__WHAT THE TASK REQUIRES__
Within the listing below, how many lines hold the string "degrees"? Only the number is wanted.

== RECORD SET

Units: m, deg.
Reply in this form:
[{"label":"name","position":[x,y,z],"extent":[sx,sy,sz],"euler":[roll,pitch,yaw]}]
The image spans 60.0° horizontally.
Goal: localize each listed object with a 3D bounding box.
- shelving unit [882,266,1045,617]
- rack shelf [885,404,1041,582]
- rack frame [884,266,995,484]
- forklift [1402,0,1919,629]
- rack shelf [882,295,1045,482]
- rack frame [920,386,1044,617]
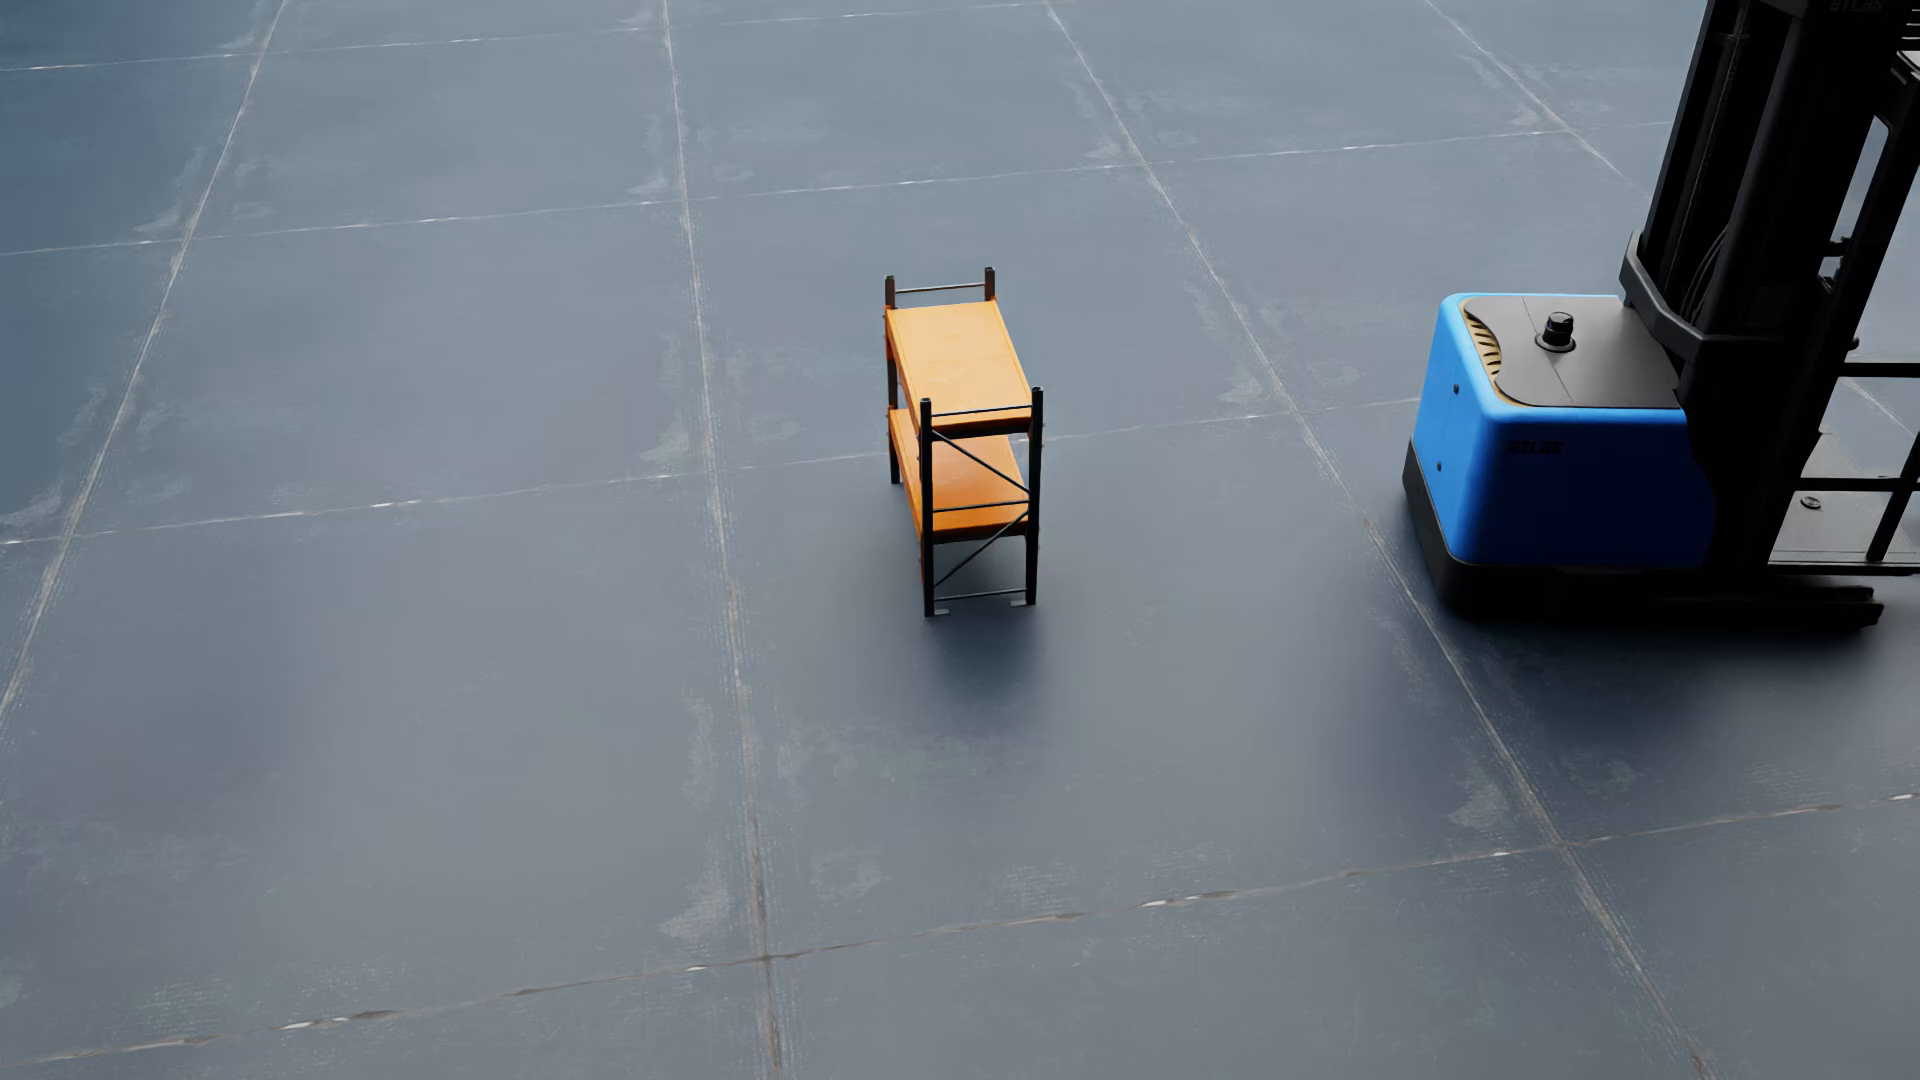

====
== RECORD SET

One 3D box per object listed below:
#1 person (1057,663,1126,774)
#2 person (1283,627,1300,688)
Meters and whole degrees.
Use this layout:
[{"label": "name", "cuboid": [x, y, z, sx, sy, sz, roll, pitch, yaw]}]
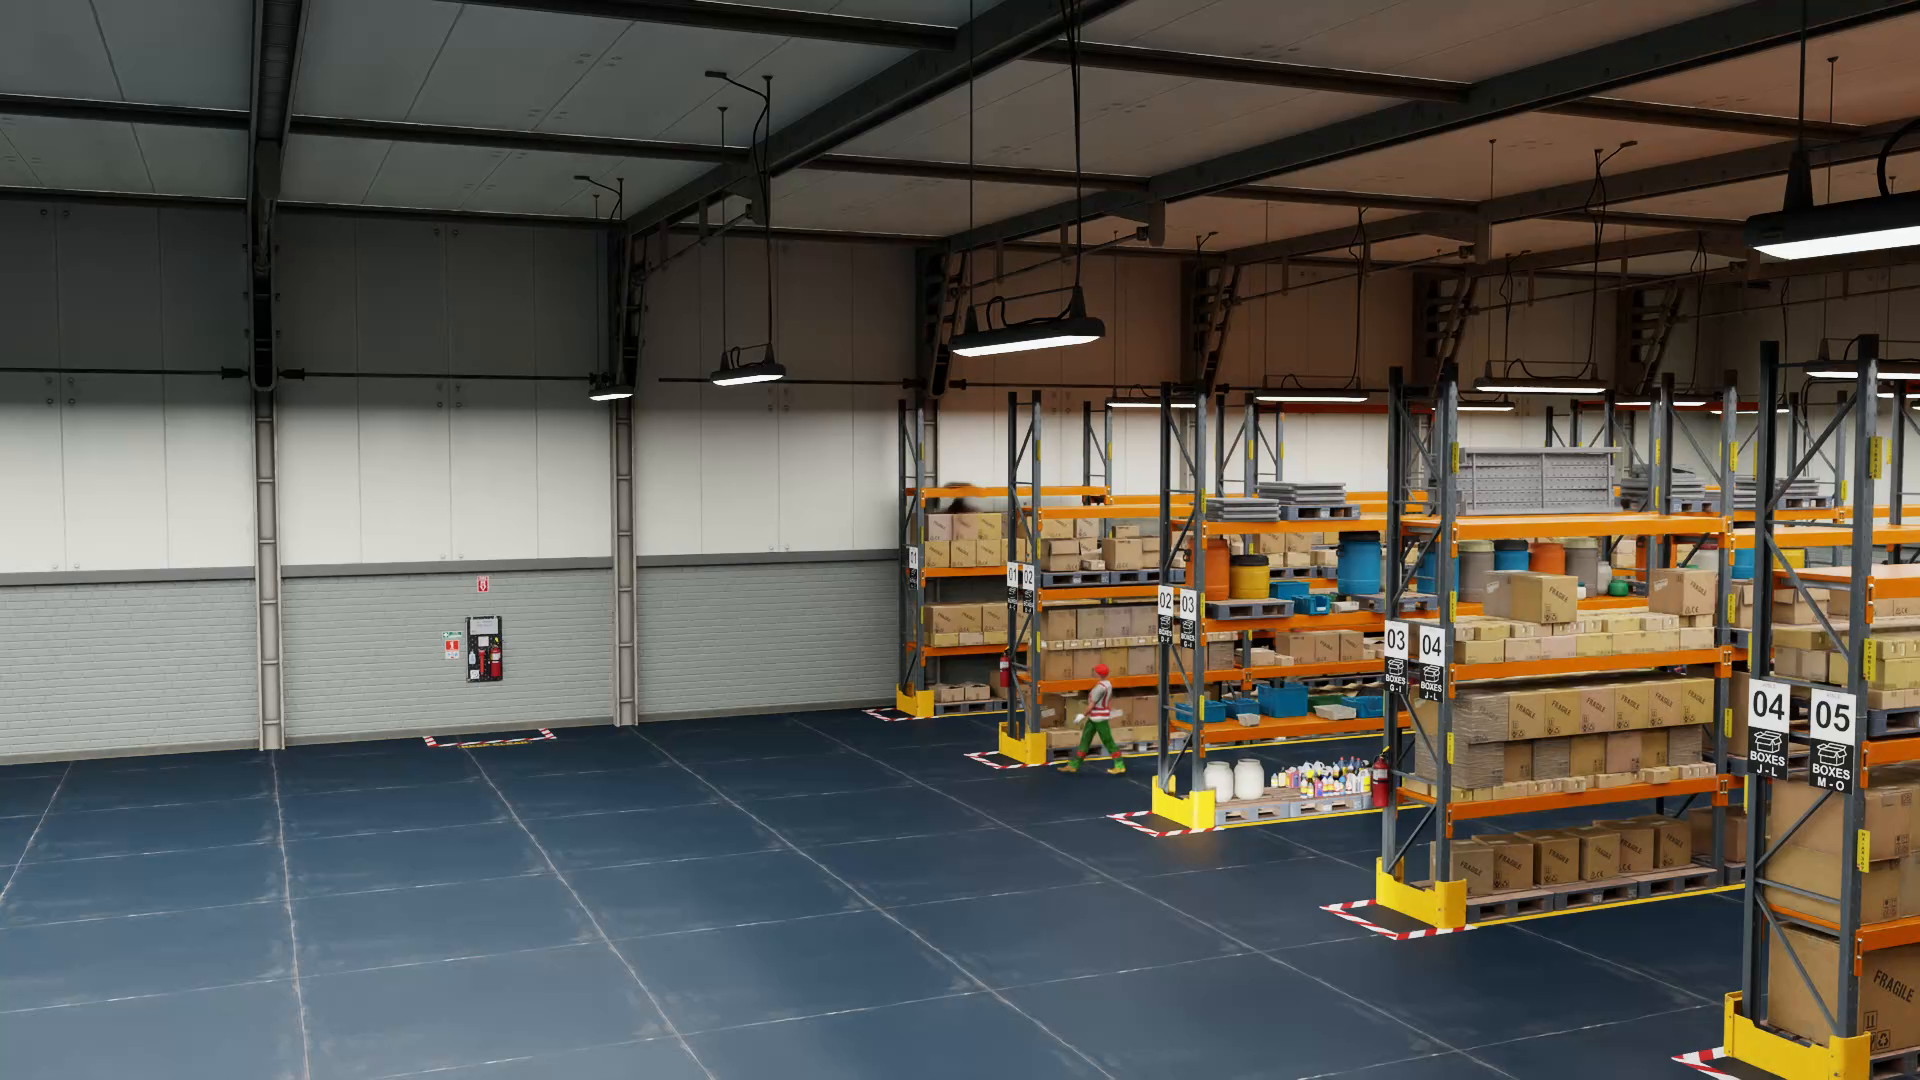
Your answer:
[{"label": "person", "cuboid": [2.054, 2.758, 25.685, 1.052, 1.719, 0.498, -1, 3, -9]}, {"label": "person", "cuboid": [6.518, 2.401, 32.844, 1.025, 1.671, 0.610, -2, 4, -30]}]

====
== RECORD SET

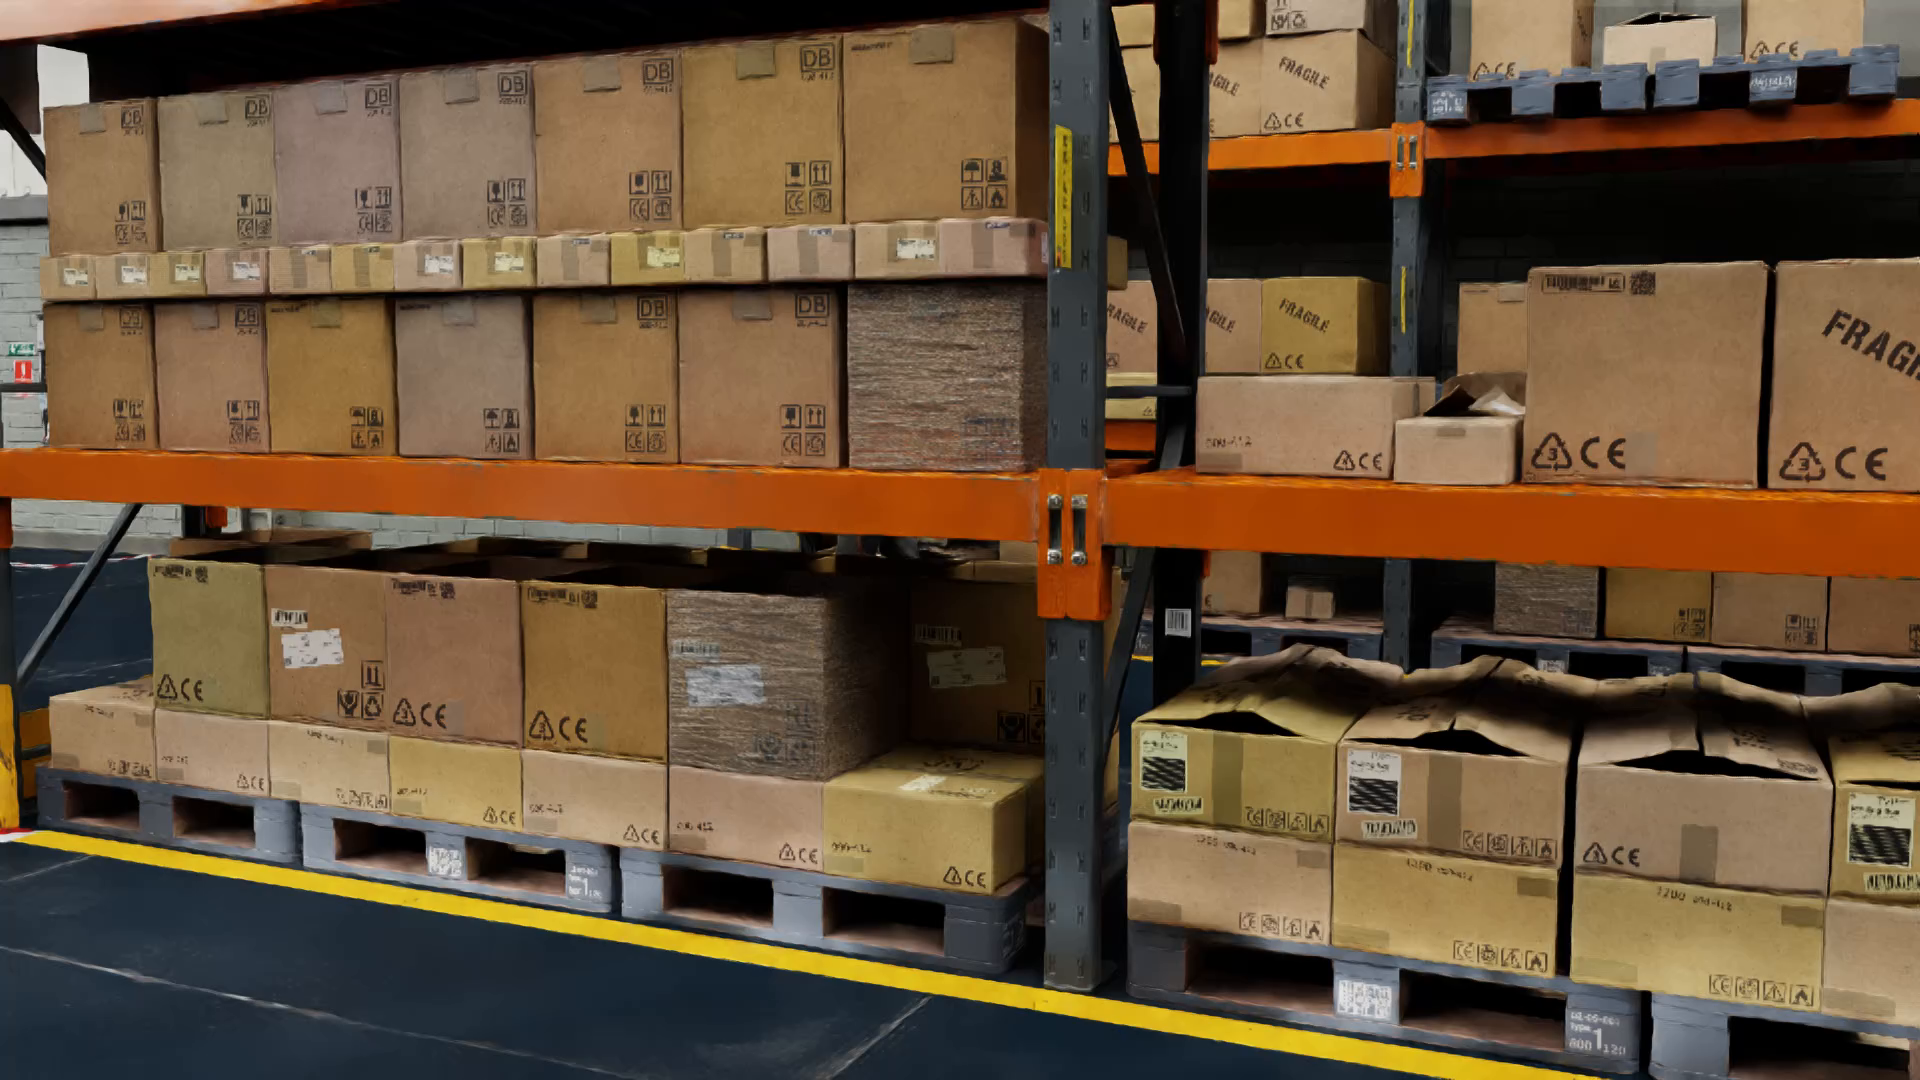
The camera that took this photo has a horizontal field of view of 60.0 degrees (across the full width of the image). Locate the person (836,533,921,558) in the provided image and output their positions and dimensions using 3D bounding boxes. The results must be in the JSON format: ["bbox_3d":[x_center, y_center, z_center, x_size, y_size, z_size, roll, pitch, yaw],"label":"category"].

====

__ANSWER AREA__
2